The Metrics Server is a cluster-wide aggregator of resource usage data. It collects CPU and memory metrics from kubelets and exposes them through the Kubernetes Metrics API.

AKS: Metrics Server is installed by default — no additional setup required
Verify with: kubectl top nodes and kubectl top pods

Mermaid Diagram: HPA Monitoring Loop

flowchart LR
    A[Metrics Server] -->|Collects CPU/memory<br>from kubelets| B[HPA Controller]
    B -->|Every 15s:<br>query current metrics| A
    B -->|Compare current<br>vs target| C{Current > Target?}
    C -->|Yes| D[Scale Up<br>Add replicas]
    C -->|No| E{Current < Target?}
    E -->|Yes| F[Scale Down<br>Remove replicas<br>after 5 min stabilization]
    E -->|No| G[No change]
    D --> H[Deployment<br>adjusts replica count]
    F --> H
    G --> B
    H --> B

Practical Tasks

All tasks should be performed in your namespace student-XX. Replace XX with your student number throughout.

Task 1: Deploy a CPU-Intensive Application

Deploy the HPA example application, which is a simple PHP-based web server that performs CPU-intensive computations on each request.

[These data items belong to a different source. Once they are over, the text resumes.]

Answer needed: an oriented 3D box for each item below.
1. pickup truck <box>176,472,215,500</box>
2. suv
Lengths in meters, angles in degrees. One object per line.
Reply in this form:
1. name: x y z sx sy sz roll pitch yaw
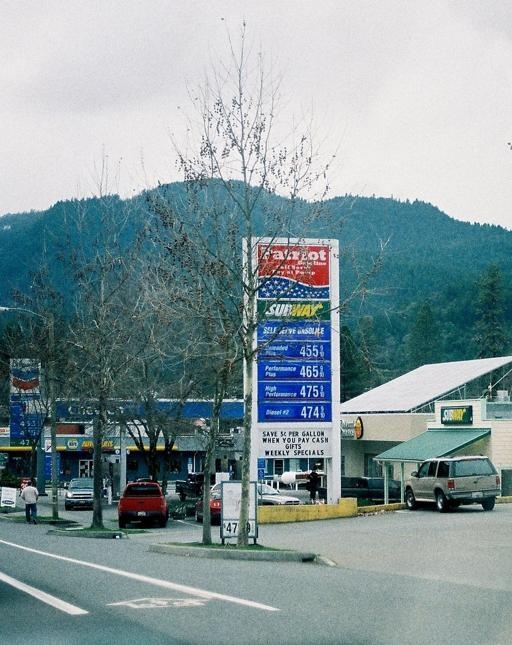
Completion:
1. pickup truck: -2.757 7.237 54.382 1.198 1.357 2.448 0 -1 -9
2. suv: 5.203 4.711 36.500 1.601 1.555 4.153 4 -12 -33
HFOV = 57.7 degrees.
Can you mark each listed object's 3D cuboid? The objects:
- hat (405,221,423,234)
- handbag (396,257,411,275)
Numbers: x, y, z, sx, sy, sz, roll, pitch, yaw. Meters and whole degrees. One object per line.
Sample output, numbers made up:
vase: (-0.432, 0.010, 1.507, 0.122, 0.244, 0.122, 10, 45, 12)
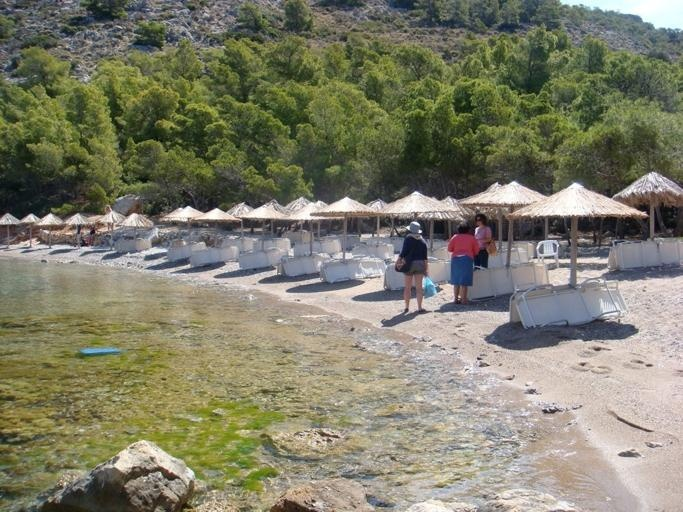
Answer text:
hat: (1.892, -0.711, 15.874, 0.282, 0.330, 0.440, -4, 8, 0)
handbag: (1.578, 0.230, 15.918, 0.447, 0.574, 0.327, 5, 22, 6)
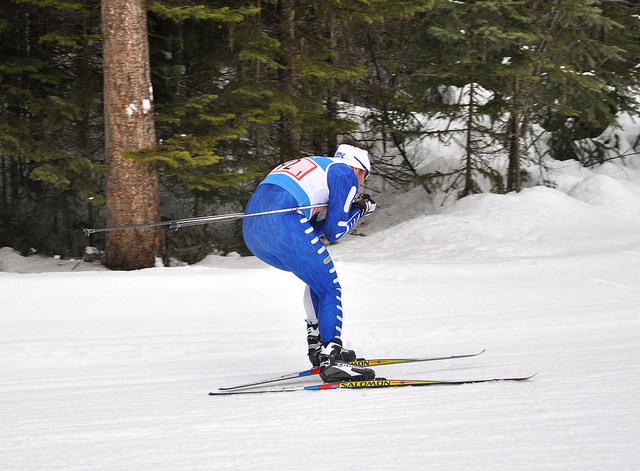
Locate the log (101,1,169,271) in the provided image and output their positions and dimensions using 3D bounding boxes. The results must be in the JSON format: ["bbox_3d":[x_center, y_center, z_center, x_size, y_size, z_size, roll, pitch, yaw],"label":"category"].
[{"bbox_3d":[-3.090,-1.627,14.246,1.018,4.392,0.632,-1,9,-9],"label":"log"}]

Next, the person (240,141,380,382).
[{"bbox_3d":[-0.132,0.297,10.781,1.616,2.952,0.786,0,8,1],"label":"person"}]
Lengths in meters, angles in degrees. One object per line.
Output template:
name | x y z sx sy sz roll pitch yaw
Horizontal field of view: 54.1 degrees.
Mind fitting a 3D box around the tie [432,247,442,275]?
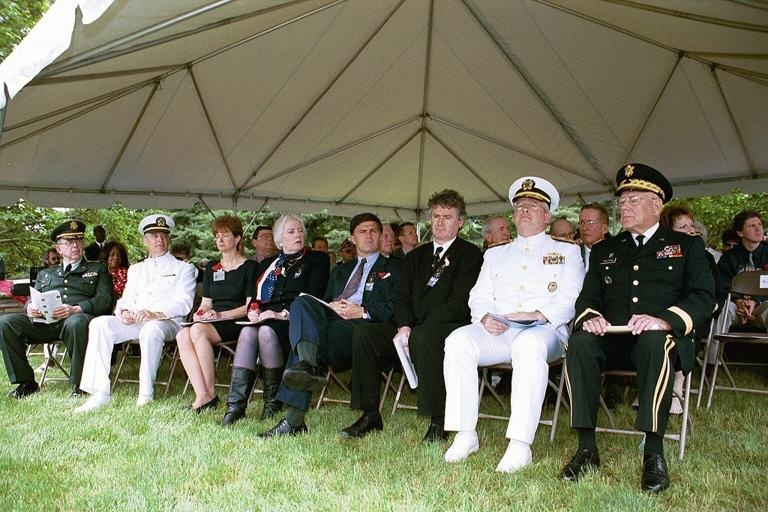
tie | 0.572 0.059 8.024 0.066 0.304 0.044 11 -23 11

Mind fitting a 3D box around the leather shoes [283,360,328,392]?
leather shoes | -0.764 1.162 7.459 0.423 0.235 0.248 12 31 -27

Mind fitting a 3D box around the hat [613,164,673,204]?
hat | 2.547 -0.757 7.271 0.434 0.200 0.409 22 -12 -20

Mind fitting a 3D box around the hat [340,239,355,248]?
hat | -0.586 -0.191 12.229 0.261 0.149 0.335 3 -5 -5

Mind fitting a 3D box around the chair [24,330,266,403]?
chair | -3.501 1.470 10.083 2.384 1.376 0.960 -2 -16 10

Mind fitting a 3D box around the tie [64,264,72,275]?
tie | -4.007 0.174 9.544 0.058 0.110 0.025 31 -26 -10

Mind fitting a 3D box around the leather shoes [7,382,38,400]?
leather shoes | -4.284 1.611 8.979 0.126 0.158 0.359 15 10 31

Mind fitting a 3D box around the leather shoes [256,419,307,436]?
leather shoes | -1.032 1.715 7.514 0.472 0.165 0.172 3 -14 -15

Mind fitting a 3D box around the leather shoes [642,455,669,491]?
leather shoes | 2.333 1.876 6.457 0.236 0.255 0.259 2 9 21

Create a file hpa-demo.yaml:

apiVersion: apps/v1
kind: Deployment
metadata:
  name: hpa-demo-XX
  namespace: student-XX
spec:
  replicas: 1
  selector:
    matchLabels:
      app: hpa-demo-XX
  template:
    metadata:
      labels:
        app: hpa-demo-XX
    spec:
      containers:
      - name: app
        image: registry.k8s.io/hpa-example
        ports:
        - containerPort: 80
        resources:
          requests:
            cpu: "200m"
          limits:
            cpu: "500m"

Apply it and expose with a Service:

kubectl apply -f hpa-demo.yaml -n student-XX
kubectl expose deployment hpa-demo-XX --port=80 -n student-XX

Verify the Pod is running and check initial CPU usage:

kubectl get pods -l app=hpa-demo-XX -n student-XX
kubectl top pods -l app=hpa-demo-XX -n student-XX

Note: kubectl top may take a minute to start showing metrics for newly created Pods.

Task 2: Create an HPA

Create an HPA that targets 50% average CPU utilization, with a minimum of 1 and maximum of 5 replicas:

kubectl autoscale deployment hpa-demo-XX --cpu-percent=50 --min=1 --max=5 -n student-XX

Verify the HPA was created:

kubectl get hpa hpa-demo-XX -n student-XX

You should see output similar to:

NAME          REFERENCE                TARGETS         MINPODS   MAXPODS   REPLICAS   AGE
hpa-demo-XX   Deployment/hpa-demo-XX   <unknown>/50%   1         5         1          10s

The <unknown> target is normal initially — it takes about 60 seconds for the Metrics Server to start reporting values.

Task 3: Generate Load

Open a second terminal and run a load generator that continuously sends HTTP requests to the application:

kubectl run -i --tty load-generator-XX --rm --image=busybox -n student-XX -- /bin/sh -c "while true; do wget -q -O- http://hpa-demo-XX; done"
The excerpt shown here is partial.